Zod 2 is being retired and will not leave beta. This is due to some unintuitive ramifications of the transformers API: details here.

New features

  • Transformers! These let you provide default values, do casting/coercion, and a lot more. Read more here: Transformers
  • Asynchronous refinements and new .parseAsync and .safeParseAsync methods. Read more here: Refinements
  • Modify unknown key behavior for object schemas: .strip() (the default), .passthrough(), and .strict()
  • New .catchall() method for object schemas: catchall

Breaking changes

  • Object schemas now strip unknown keys by default.
  • Schema parsing now returns a deep clone of the data you pass in (instead of the exact value you pass in)
  • Relatedly, Zod no longer supports cyclical data. Recursive schemas are still supported, but Zod can't properly parse nested objects that contain cycles.
  • Optional and nullable schemas are now represented with the dedicated ZodOptional and ZodNullable classes, instead of using ZodUnion.
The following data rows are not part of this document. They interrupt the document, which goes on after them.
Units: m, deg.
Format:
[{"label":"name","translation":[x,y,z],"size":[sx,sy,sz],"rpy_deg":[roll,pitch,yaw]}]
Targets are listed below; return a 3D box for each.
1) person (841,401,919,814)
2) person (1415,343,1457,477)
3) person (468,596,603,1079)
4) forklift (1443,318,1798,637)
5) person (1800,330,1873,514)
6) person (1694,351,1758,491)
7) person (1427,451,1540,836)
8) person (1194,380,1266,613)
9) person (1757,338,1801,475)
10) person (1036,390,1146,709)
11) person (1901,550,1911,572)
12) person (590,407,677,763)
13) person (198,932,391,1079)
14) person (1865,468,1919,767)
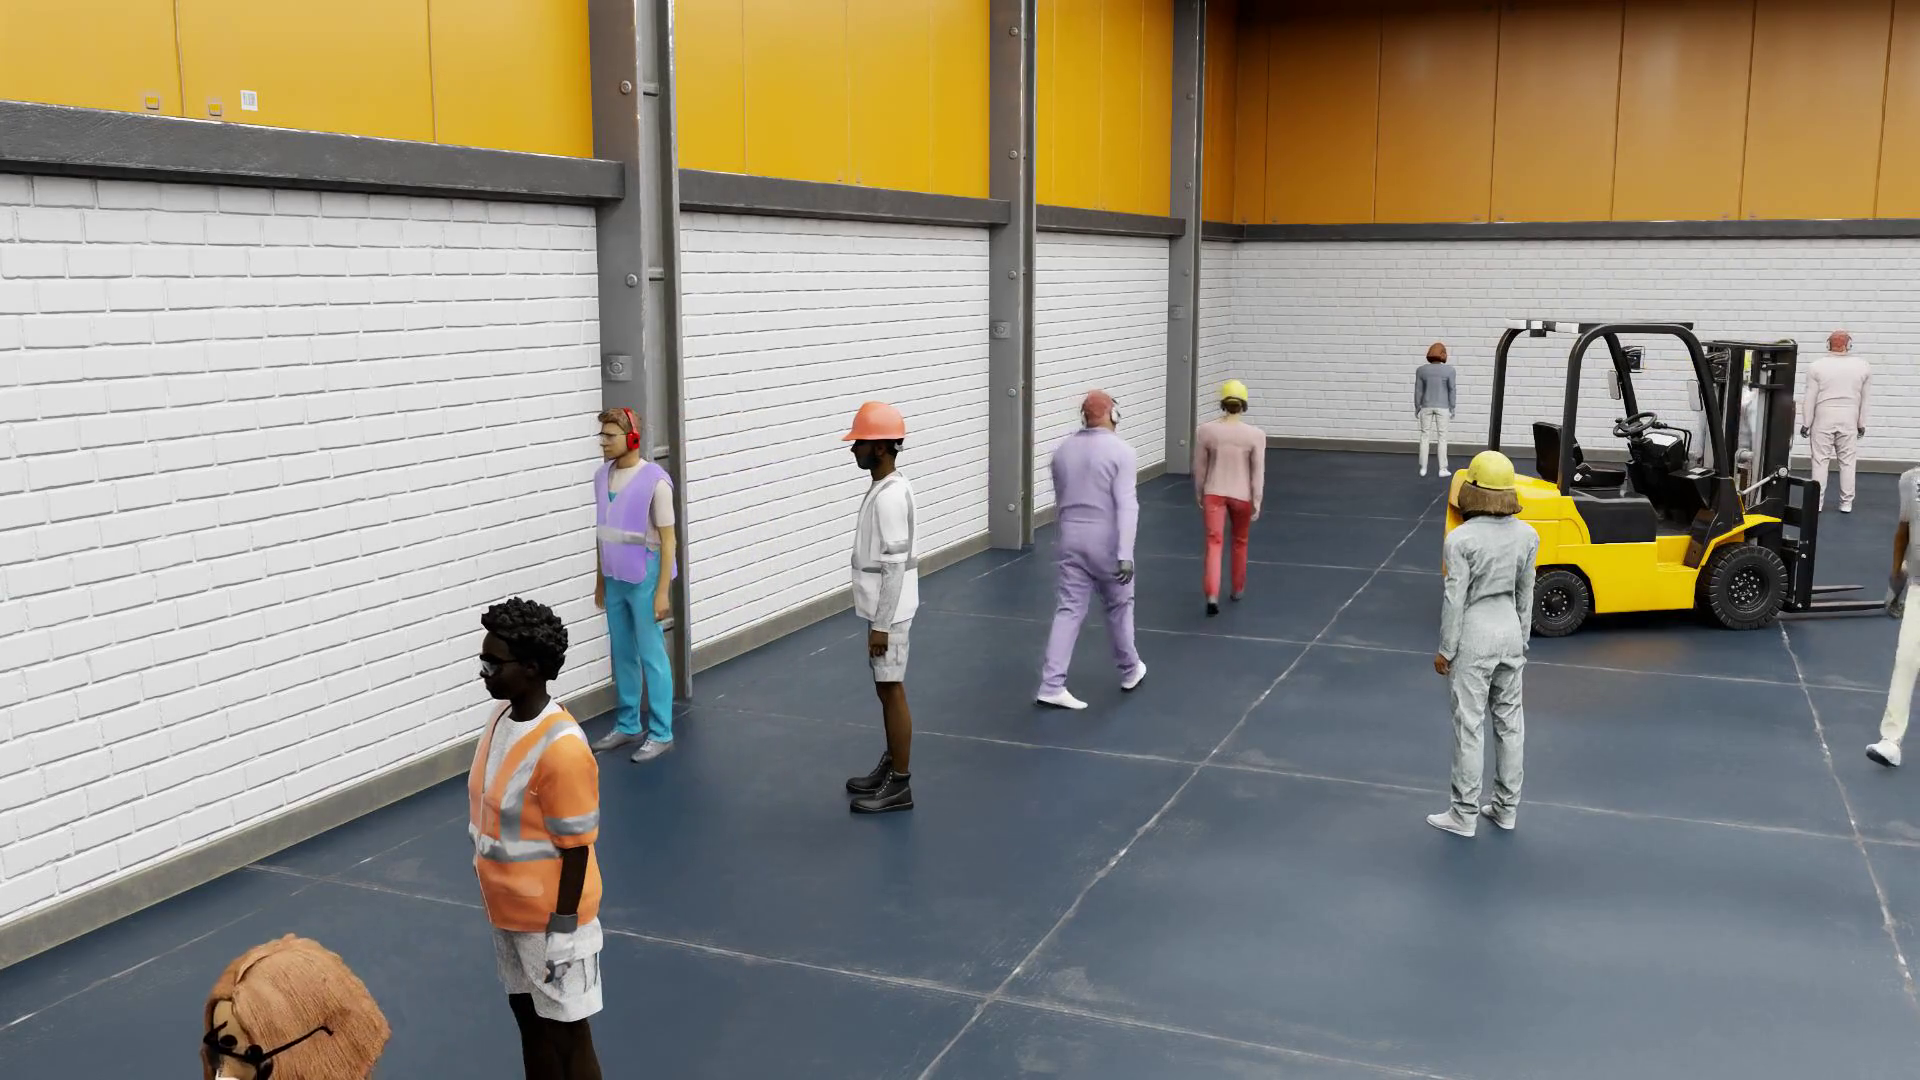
[{"label":"person","translation":[-0.374,0.316,7.838],"size":[0.354,1.939,0.545],"rpy_deg":[-1,9,-5]},{"label":"person","translation":[5.800,-1.590,20.305],"size":[0.498,1.633,0.285],"rpy_deg":[5,11,29]},{"label":"person","translation":[-1.146,0.989,4.489],"size":[0.319,1.696,0.532],"rpy_deg":[-7,12,-37]},{"label":"forklift","translation":[4.706,-0.497,11.990],"size":[2.313,2.155,1.214],"rpy_deg":[-2,10,-10]},{"label":"person","translation":[9.064,-1.222,17.264],"size":[0.642,1.905,0.399],"rpy_deg":[2,10,11]},{"label":"person","translation":[6.898,-0.784,14.883],"size":[0.444,1.809,0.616],"rpy_deg":[-6,11,-33]},{"label":"person","translation":[2.361,0.465,7.517],"size":[0.487,1.746,0.290],"rpy_deg":[-4,10,-22]},{"label":"person","translation":[2.004,-0.333,12.423],"size":[0.526,1.722,0.923],"rpy_deg":[2,10,13]},{"label":"person","translation":[8.149,-1.105,16.738],"size":[0.720,1.848,0.527],"rpy_deg":[-5,11,-28]},{"label":"person","translation":[0.814,0.054,9.761],"size":[0.704,1.836,0.990],"rpy_deg":[8,12,41]},{"label":"person","translation":[8.121,-0.546,13.500],"size":[0.529,1.805,0.965],"rpy_deg":[-1,9,-3]},{"label":"person","translation":[-1.689,0.224,8.676],"size":[0.570,1.843,0.372],"rpy_deg":[8,12,41]},{"label":"person","translation":[-0.917,1.352,2.613],"size":[0.505,1.595,0.821],"rpy_deg":[7,12,37]},{"label":"person","translation":[4.949,0.268,8.442],"size":[0.554,1.830,0.913],"rpy_deg":[9,13,43]}]

Upgrading from Zod 2 → Zod 3

New features

  • You can now import Zod like import { z } from 'zod'; instead of using import * as syntax.
  • Structured error messages. Use the .format() method to ZodError to convert the error into a strongly-typed, nested object: format method
  • Easier unions. Use the or method to ZodType (the base class for all Zod schemas) to easily create union types like z.string().or(z.number())
  • Easier intersections. Use the and method to ZodType (the base class for all Zod schemas) to easily create intersection types
  • Global error customization. Use z.setErrorMap(myErrorMap) to globally customize the error messages produced by Zod: setErrorMap
  • Maps and sets. Zod now supports Map and Set schemas.
  • Optional and nullable unwrapping. ZodOptional and ZodNullable now have a .unwrap() method for retrieving the schema they wrap.
  • A new implementation of transformers. Details below.

Breaking changes

  • The minimum TypeScript version is now 4.1 (up from 3.7 for Zod 2). Several features have been rewritten to use recursive conditional types, an incredibly powerful new feature introduced in TS4.1.

  • Transformers syntax. Previously, creating a transformer required an input schema, an output schema, and a function to transform between them. You created transformers like z.transform(A, B, func), where A and B are Zod schemas. This is no longer the case. Accordingly:

    The old syntax is no longer available:

    # not available
    z.transformer(A, B, func);
    A.transform(B, func)
    

    Instead, apply transformations by simply using the .transform() method that exists on all Zod schemas.

    z.string().transform((val) => val.length);
    
  • Under the hood, all refinements and transformations are executed inside a dedicated "ZodEffects" class. Post-parsing, ZodEffects passes the data through a chain of refinements and transformations, then returns the final value. As such, you can now interleave transformations and refinements. For instance:

    const test = z
      .string()
      .transform((val) => val.length)
      .refine((val) => val > 5, { message: "Input is too short" })
      .transform((val) => val * 2);
    
    test.parse("12characters"); // => 24
    
  • Type guards (the .check() method) have been removed. Type guards interact with transformers in unintuitive ways so they were removed. Use .safeParse instead.

  • Object merging now behaves differently. If you merge two object schema (A.merge(B)), the fields of B will overwrite the fields of A if there are shared keys. This is how the .extend method already works. If you're looking to create an intersection of the two types, use z.intersection(A, B) or use the new .and method (A.and(B)).

  • Default values: default value logic is now implemented inside a ZodDefault class, instead of using transformers. (In a previous alpha version of Zod 3, default values were implemented inside the ZodOptional class.)

  • There have been small internal changes to the ZodIssue subtypes. See the new subtypes in the Error Handling guide. This may impact user who have written a custom error maps. Most users will not be affected.